[Work request]: Nothing but the lines from the one with "Answer: Early morning" down to the one with "Answer: Implement academic" should be returned, exactly and with both ends included, from the material below.
*** Material supplied ***
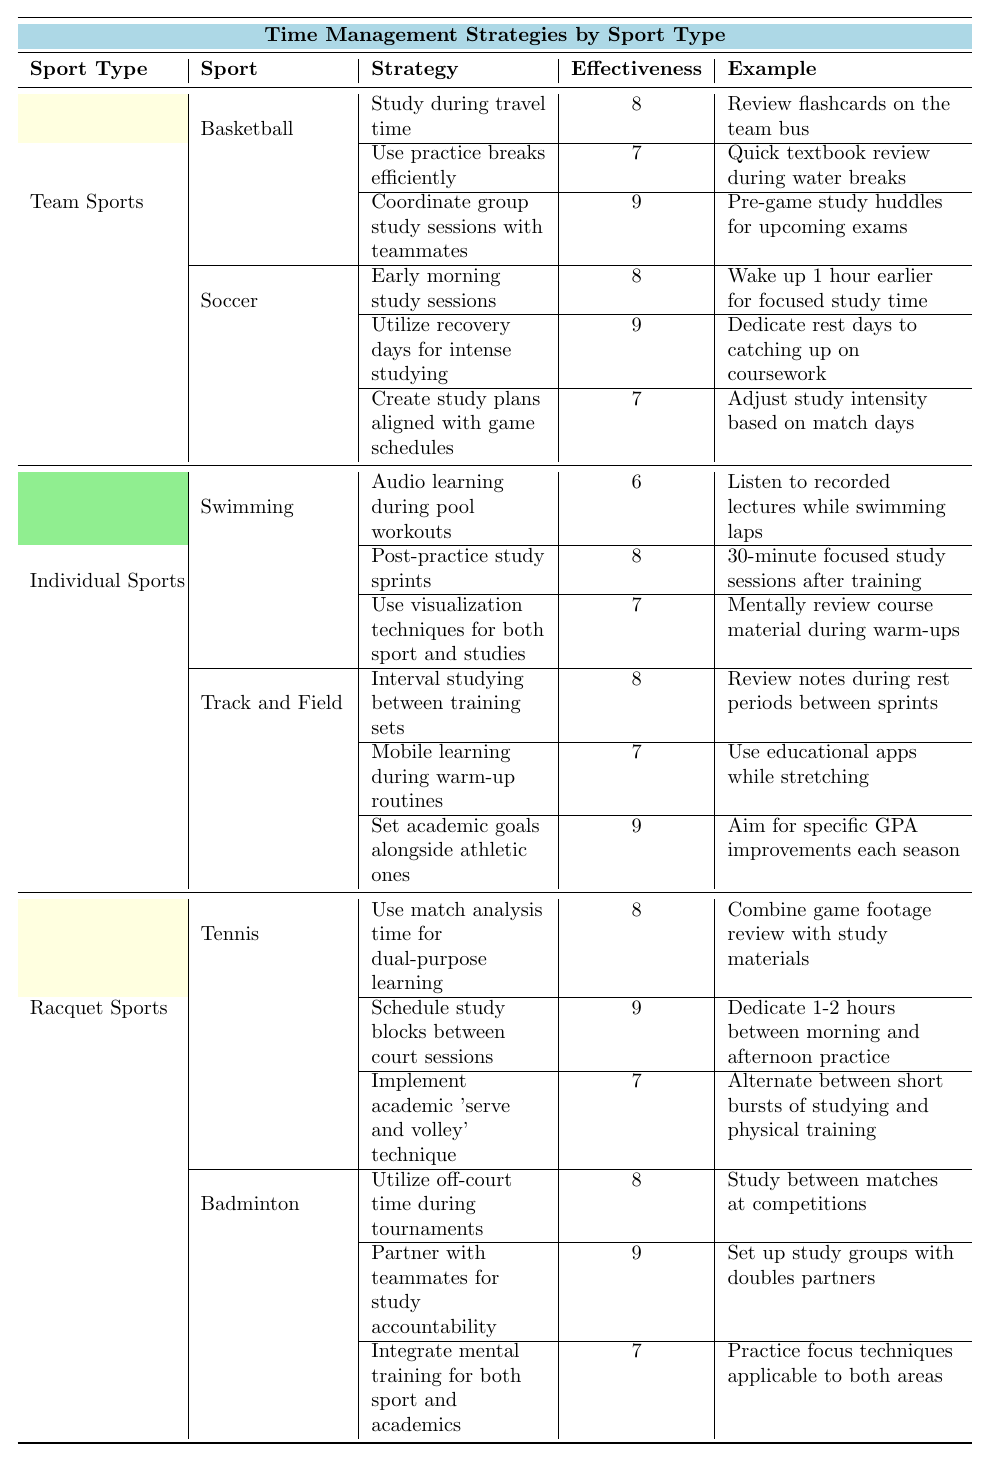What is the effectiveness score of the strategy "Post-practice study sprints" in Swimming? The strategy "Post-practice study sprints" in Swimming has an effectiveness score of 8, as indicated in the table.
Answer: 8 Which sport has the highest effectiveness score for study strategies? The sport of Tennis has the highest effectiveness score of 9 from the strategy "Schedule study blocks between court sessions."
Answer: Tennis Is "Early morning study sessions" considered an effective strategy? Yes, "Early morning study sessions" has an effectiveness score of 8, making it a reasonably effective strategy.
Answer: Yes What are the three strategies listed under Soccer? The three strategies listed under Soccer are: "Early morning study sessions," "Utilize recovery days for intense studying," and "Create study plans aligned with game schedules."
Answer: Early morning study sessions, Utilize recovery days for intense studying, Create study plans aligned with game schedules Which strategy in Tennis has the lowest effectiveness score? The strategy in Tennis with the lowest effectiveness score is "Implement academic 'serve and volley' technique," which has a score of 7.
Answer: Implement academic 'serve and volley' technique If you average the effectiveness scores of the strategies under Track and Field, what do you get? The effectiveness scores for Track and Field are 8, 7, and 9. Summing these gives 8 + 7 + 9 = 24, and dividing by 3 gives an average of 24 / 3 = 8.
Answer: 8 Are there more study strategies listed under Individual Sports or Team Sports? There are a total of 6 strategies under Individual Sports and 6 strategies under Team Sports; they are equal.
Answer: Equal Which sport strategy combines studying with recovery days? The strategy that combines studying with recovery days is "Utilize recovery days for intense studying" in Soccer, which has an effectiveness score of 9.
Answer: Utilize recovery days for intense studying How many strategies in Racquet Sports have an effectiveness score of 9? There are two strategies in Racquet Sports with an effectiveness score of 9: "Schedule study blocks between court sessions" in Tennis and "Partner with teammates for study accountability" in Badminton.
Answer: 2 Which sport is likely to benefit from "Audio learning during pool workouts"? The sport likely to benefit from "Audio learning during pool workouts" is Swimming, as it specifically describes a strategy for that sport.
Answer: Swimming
*** End of Material supplied ***
*** Material supplied ***
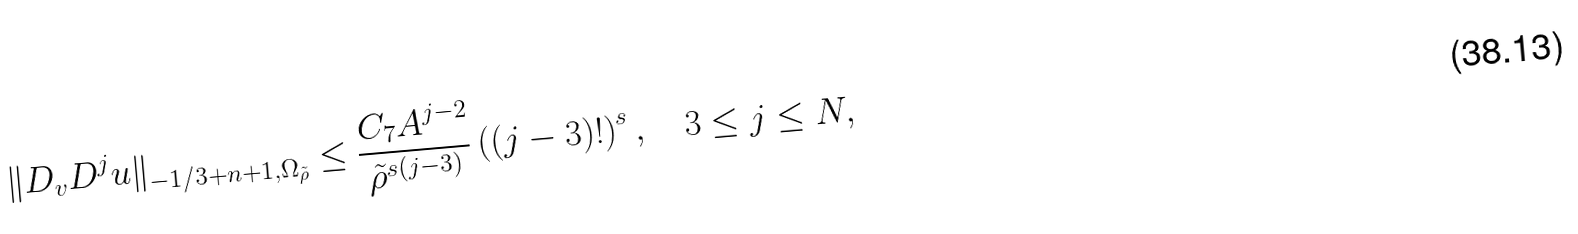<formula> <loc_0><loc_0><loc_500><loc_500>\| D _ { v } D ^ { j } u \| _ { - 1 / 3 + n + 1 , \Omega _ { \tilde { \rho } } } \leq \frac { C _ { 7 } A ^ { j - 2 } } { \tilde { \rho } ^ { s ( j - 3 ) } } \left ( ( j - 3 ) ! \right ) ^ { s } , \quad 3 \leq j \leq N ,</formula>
*** End of Material supplied ***
[Response below]:
Answer: Early morning study sessions, Utilize recovery days for intense studying, Create study plans aligned with game schedules Which strategy in Tennis has the lowest effectiveness score? The strategy in Tennis with the lowest effectiveness score is "Implement academic 'serve and volley' technique," which has a score of 7.
Answer: Implement academic 'serve and volley' technique If you average the effectiveness scores of the strategies under Track and Field, what do you get? The effectiveness scores for Track and Field are 8, 7, and 9. Summing these gives 8 + 7 + 9 = 24, and dividing by 3 gives an average of 24 / 3 = 8.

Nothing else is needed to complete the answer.